Cephalogenic

or, stuff that I dragged out of my head

Name:
Location: Moncton, New Brunswick, Canada

Thursday, June 05, 2008

Pay Attention

As linked to by Boingboing, here's a piece about a car-navigation system which isn't a little squarish box, but a teddy bear that points the direction the car has to turn and so forth. It's from Japan, naturally.

Here's an unfortunate paragraph:

The robot bear is also equipped with functions to improve auto safety, such as an alcohol detection sensor embedded in its neck. If it smells booze, the robot confronts the driver, saying, “You haven’t been drinking, have you?” Other sensors detect wreckless driving, so if the driver suddenly accelerates or slams on the brakes, the robot says, “Watch out!

Wouldn't wreckless driving be a good thing?

But I don't rag on bloggers who aren't professional authors (although I feel free to use their errors for blog fodder). They don't have editors; they can't be expected to get every letter and syllable correct.

Still, though. "Wreckless". It does make you wonder where "reckless" came from. WIthout knowing, I would guess that, pretty obviously, there must be or have been a word, "reck", which must mean something like "heed" or "caution", which perhaps is even related to "reckon", although that would be a stretch, because "reckon" means "calculate", but still, it's possible.
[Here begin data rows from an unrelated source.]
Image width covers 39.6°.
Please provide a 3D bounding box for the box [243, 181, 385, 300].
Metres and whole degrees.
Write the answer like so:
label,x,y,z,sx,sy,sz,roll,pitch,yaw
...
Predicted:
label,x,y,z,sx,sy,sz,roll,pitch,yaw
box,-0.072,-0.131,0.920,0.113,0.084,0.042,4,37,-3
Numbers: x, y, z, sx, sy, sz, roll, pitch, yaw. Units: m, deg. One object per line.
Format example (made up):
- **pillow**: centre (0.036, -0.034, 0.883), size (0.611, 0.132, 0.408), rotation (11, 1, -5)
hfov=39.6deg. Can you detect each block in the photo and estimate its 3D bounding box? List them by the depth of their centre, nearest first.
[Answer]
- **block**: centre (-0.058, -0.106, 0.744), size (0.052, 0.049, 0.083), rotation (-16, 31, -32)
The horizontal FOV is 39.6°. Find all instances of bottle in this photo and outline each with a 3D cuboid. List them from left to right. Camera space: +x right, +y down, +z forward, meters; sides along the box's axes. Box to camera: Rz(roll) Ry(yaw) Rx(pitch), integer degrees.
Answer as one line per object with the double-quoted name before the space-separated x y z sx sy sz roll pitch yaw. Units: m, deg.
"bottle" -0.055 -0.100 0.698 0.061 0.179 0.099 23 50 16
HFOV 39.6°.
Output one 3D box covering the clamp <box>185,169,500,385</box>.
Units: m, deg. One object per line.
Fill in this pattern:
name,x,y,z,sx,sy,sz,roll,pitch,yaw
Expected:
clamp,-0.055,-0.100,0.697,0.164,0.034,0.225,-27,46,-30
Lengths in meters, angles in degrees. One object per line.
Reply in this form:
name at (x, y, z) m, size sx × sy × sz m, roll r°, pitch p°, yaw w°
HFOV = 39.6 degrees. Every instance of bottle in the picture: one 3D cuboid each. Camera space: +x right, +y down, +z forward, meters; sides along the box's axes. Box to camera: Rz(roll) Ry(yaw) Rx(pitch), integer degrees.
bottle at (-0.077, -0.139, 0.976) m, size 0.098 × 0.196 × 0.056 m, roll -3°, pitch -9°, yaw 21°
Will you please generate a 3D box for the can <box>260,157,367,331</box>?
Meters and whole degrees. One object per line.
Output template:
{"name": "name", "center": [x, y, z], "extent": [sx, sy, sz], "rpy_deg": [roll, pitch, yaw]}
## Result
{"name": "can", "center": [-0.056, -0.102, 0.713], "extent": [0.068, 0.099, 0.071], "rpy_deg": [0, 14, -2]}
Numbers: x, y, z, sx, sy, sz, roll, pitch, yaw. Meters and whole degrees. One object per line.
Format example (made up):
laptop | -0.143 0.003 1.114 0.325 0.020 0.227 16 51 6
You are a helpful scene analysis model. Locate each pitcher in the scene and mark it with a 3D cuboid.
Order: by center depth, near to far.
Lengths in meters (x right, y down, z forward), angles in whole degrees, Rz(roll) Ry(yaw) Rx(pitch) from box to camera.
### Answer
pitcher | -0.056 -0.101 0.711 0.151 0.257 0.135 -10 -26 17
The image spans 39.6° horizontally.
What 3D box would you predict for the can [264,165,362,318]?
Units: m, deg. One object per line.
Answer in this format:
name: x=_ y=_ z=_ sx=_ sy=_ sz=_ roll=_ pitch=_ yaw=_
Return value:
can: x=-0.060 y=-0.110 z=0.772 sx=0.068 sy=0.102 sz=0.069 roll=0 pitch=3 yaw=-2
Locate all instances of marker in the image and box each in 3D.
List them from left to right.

"Reck" does in fact exist, though it's not a word you hear every day, and if you know that it showed up in Old English as "reccan", then you can probably guess that it is related to an Old Norse word, "roekja", "to have care". And "reccan" looks as if it should sound exactly like "reckon", and even though it isn't related to it in meaning, both "reck" and "reckon" do come from the same place: the Indo-European root which gave us, among other things, the words containing "-rect-" (all of which carry a sense of a straight line, even metaphorical moral uprightness), including "rectify", "direct", and "correct". Tomorrow, okay?